**Entries supplied**:
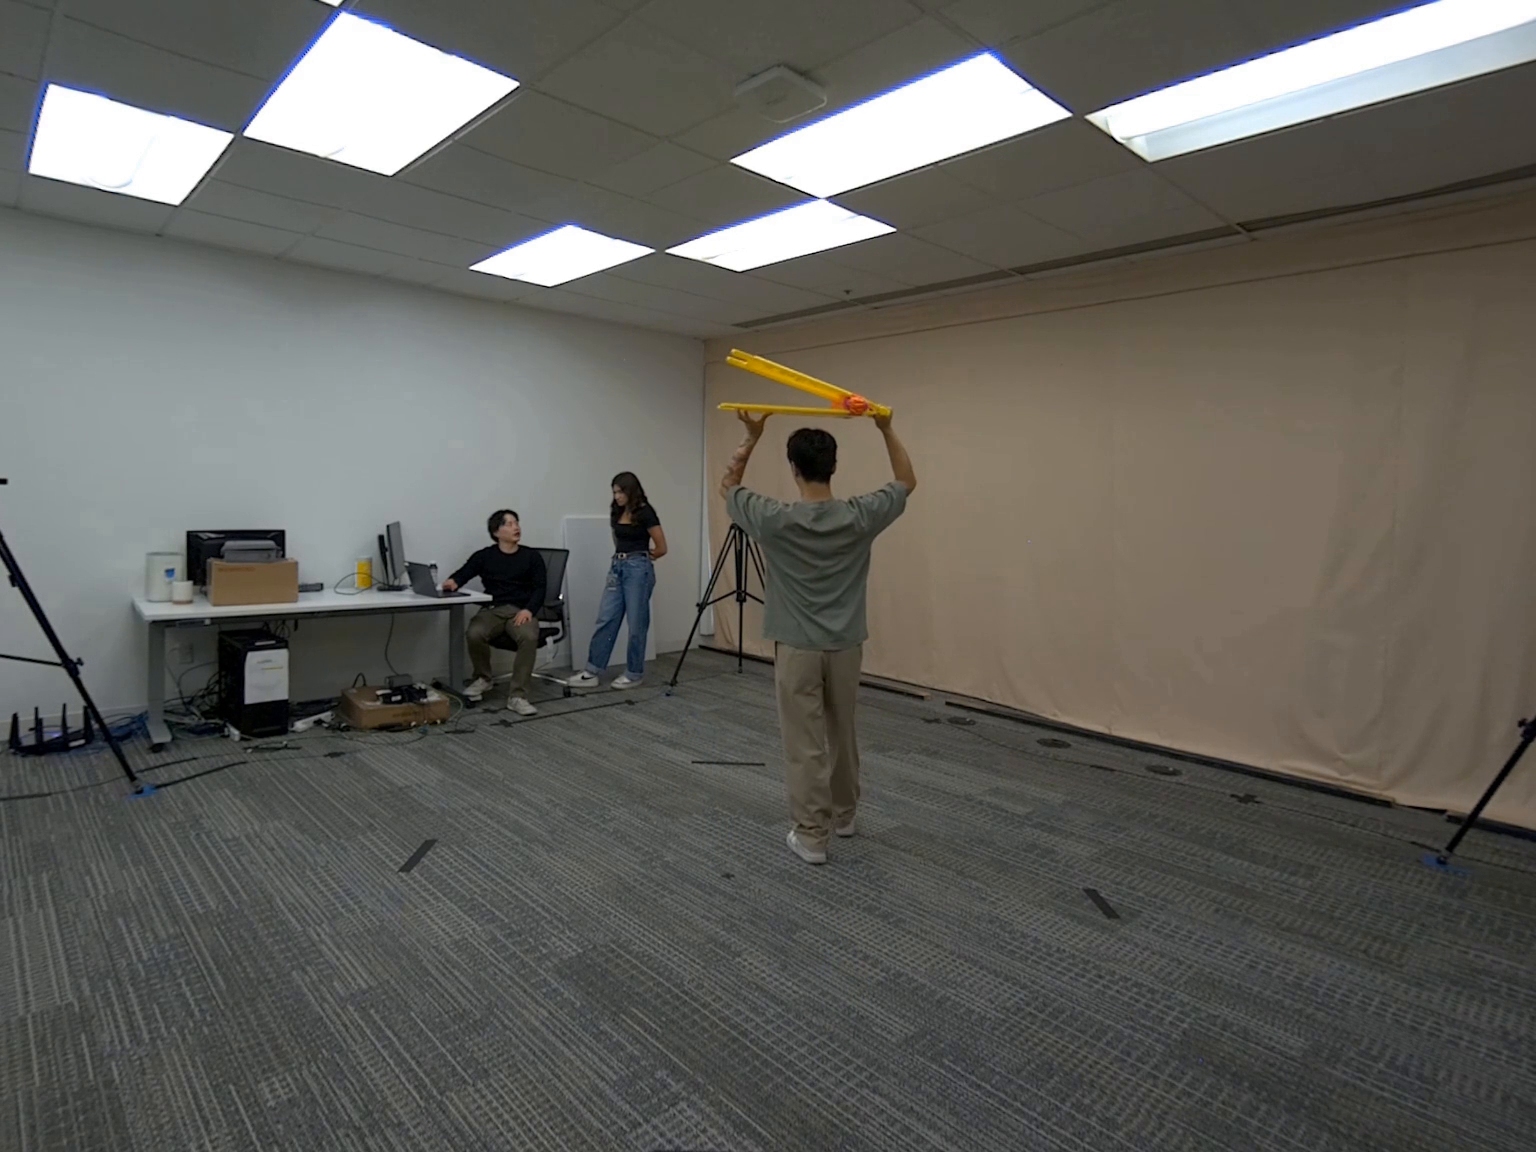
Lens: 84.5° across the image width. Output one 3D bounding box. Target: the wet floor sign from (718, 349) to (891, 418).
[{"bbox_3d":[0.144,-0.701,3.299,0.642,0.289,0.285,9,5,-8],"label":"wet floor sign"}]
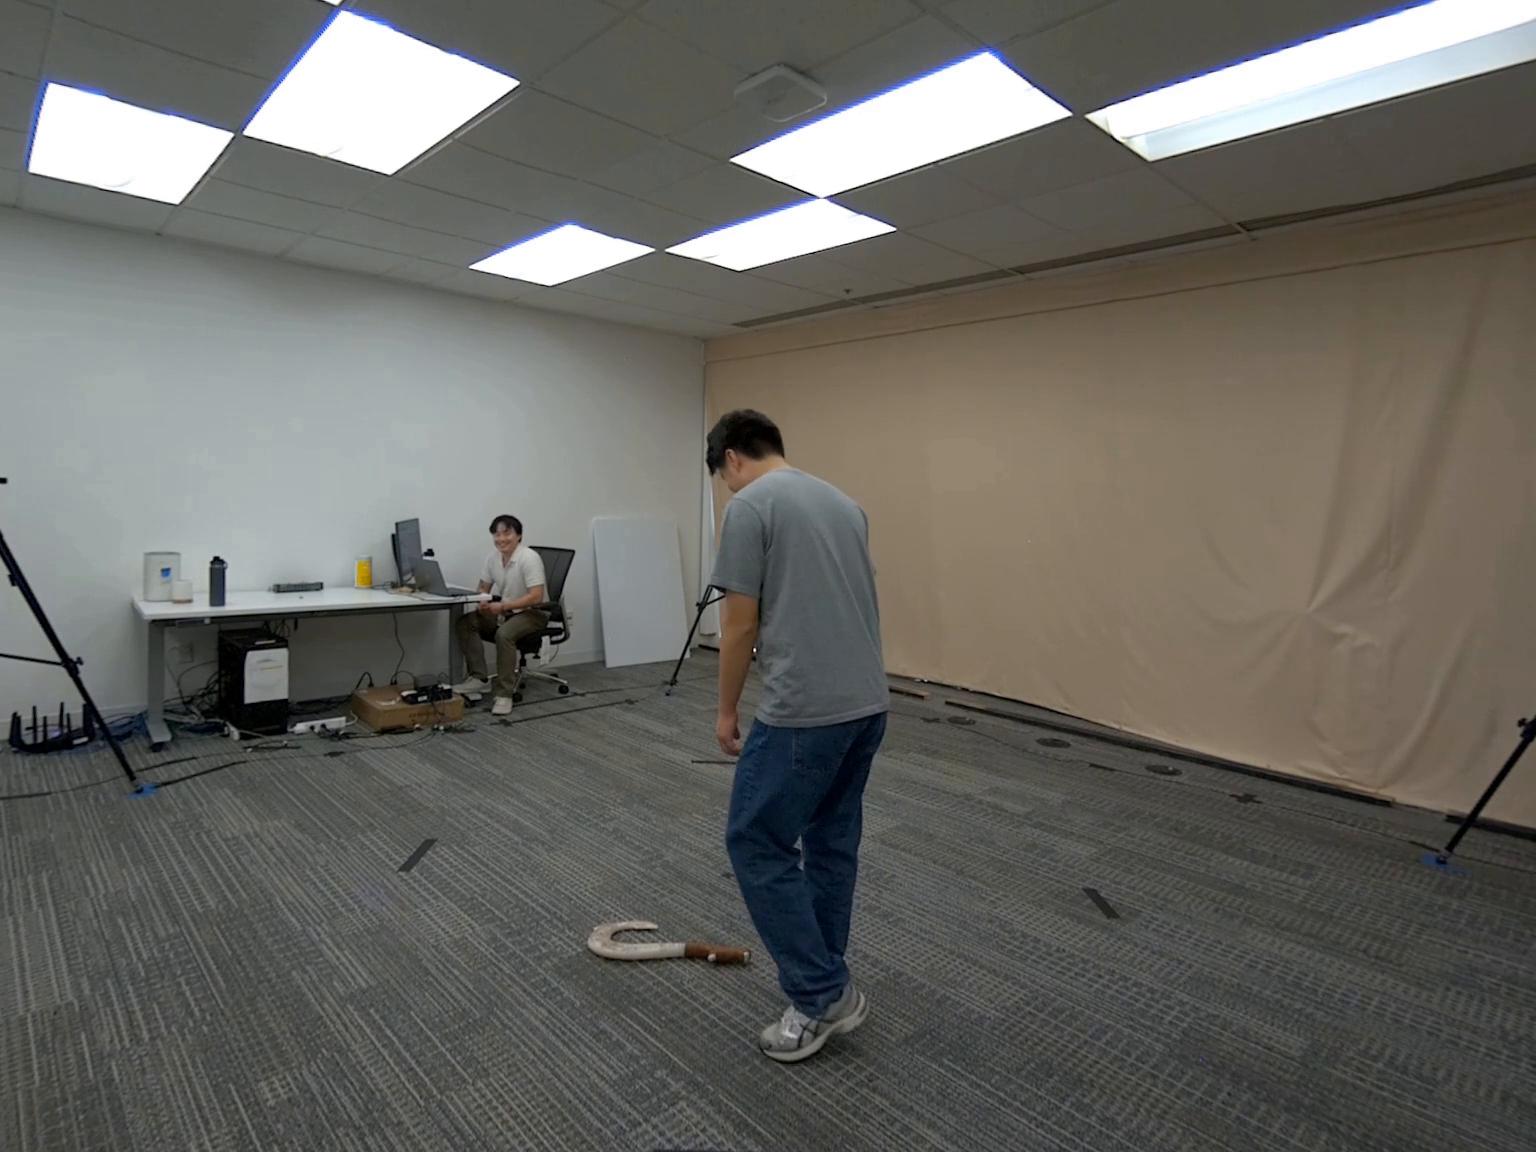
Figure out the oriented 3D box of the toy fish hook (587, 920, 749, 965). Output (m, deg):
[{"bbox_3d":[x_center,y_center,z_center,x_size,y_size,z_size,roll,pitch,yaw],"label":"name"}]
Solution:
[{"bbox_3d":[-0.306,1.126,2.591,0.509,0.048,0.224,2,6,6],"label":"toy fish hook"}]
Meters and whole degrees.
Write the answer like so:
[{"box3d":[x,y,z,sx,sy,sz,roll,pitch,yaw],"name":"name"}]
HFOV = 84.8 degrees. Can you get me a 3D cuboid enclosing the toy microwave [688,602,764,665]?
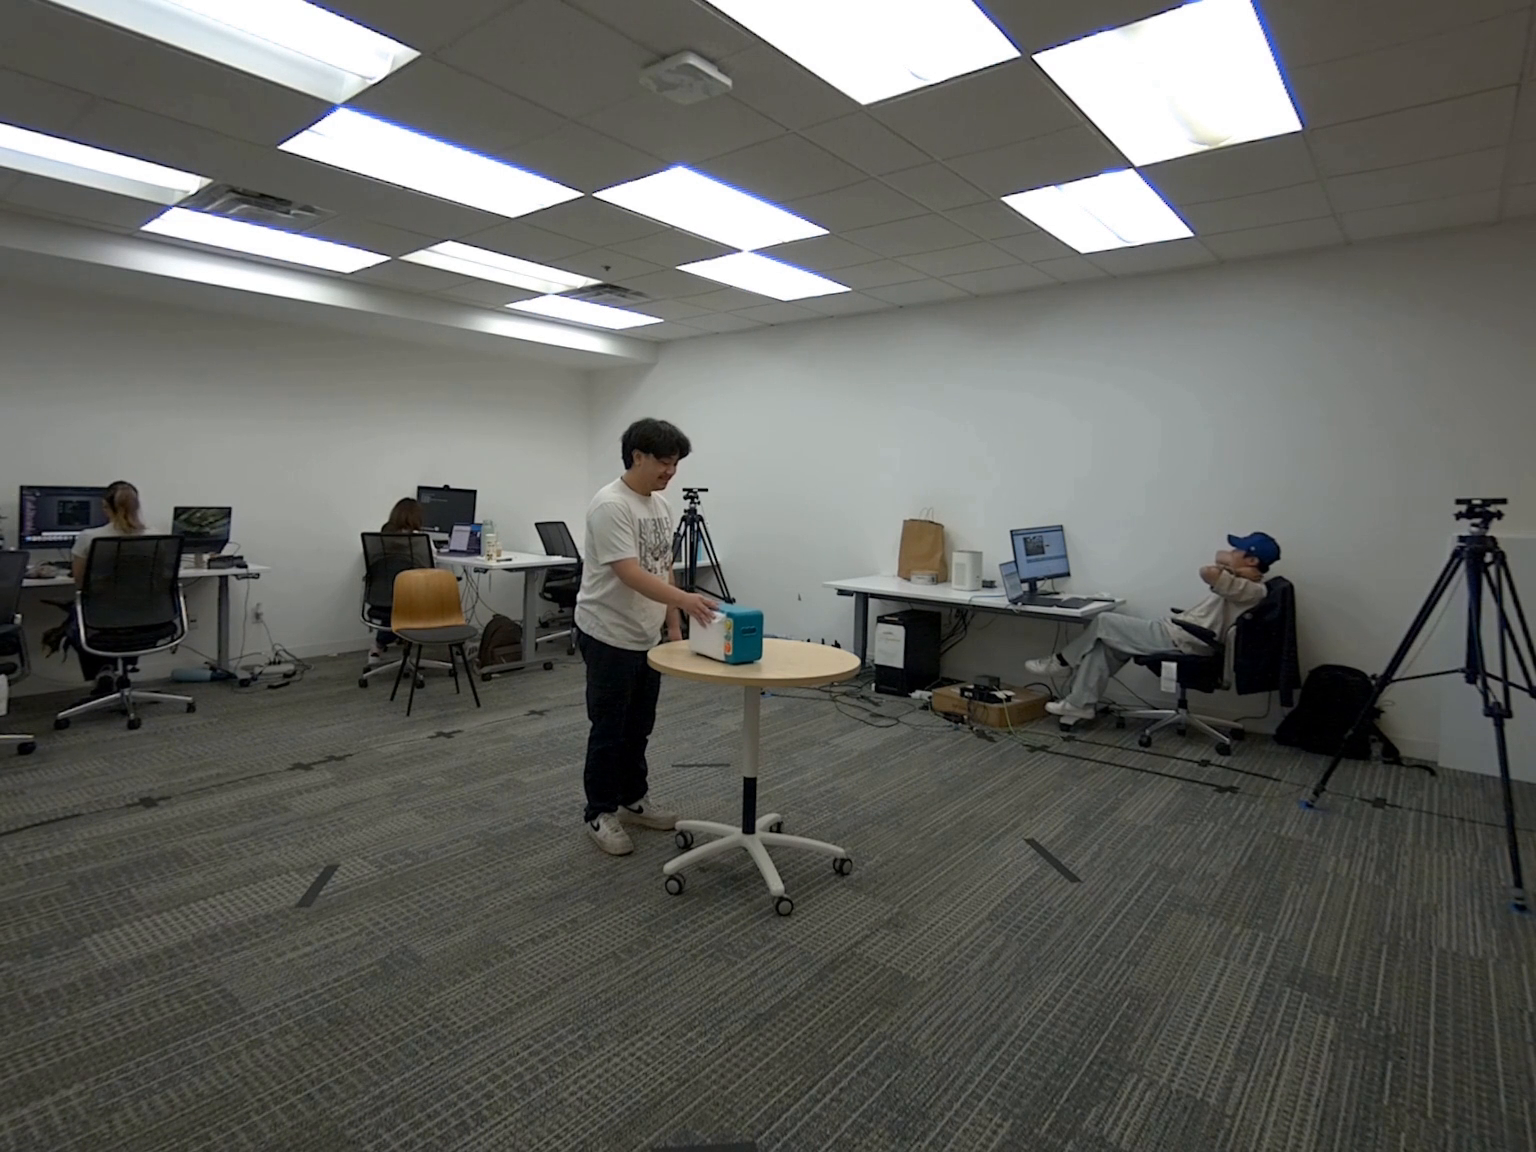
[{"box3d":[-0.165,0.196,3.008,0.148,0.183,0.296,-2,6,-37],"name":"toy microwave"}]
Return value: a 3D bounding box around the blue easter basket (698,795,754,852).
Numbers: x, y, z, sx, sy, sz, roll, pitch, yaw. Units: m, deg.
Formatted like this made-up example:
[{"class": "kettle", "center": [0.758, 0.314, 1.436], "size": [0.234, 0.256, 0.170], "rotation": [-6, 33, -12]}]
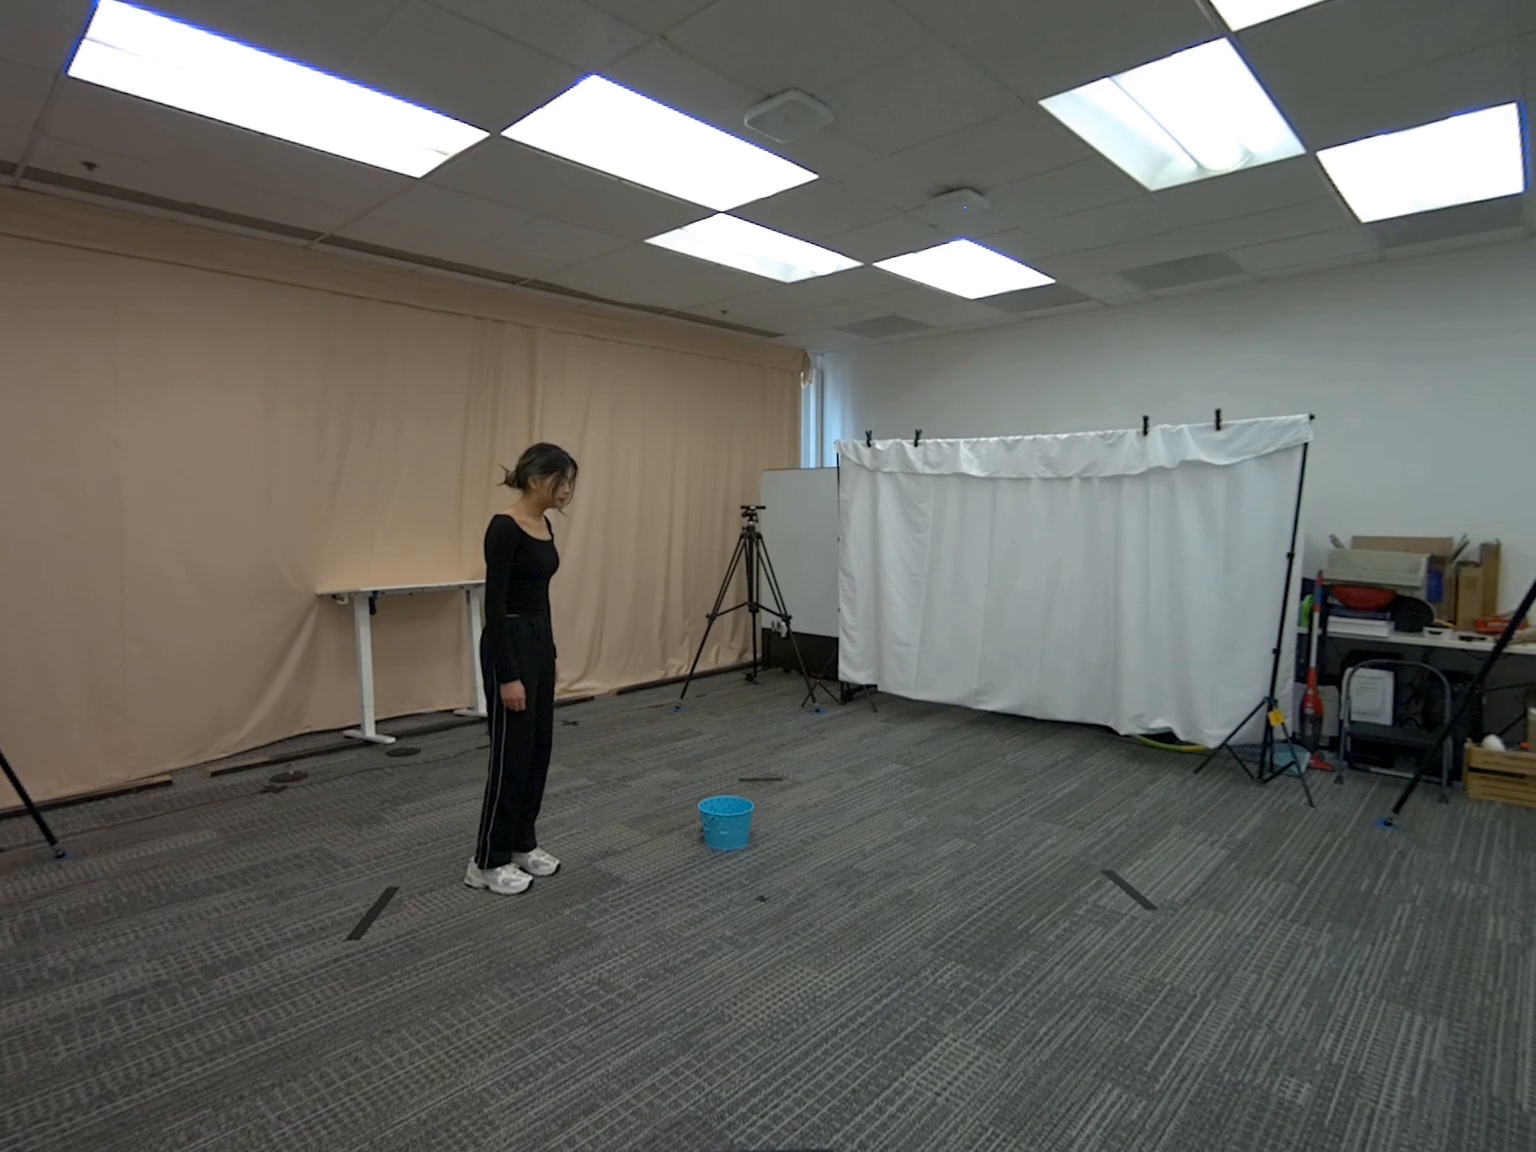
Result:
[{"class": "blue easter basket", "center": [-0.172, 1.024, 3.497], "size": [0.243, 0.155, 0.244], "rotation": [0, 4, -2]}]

**Work to complete**:
The reply should hold only the lines running from the top of the records to the line containing "Figure out the", both included, copied exactly with no pictures.

**Task output**:
Lens: 84.5° across the image width. Output one 3D bounding box. Target: the wet floor sign from (718, 349) to (891, 418).
[{"bbox_3d":[0.144,-0.701,3.299,0.642,0.289,0.285,9,5,-8],"label":"wet floor sign"}]
Figure out the oriented 3D box of the toy fish hook (587, 920, 749, 965). Output (m, deg):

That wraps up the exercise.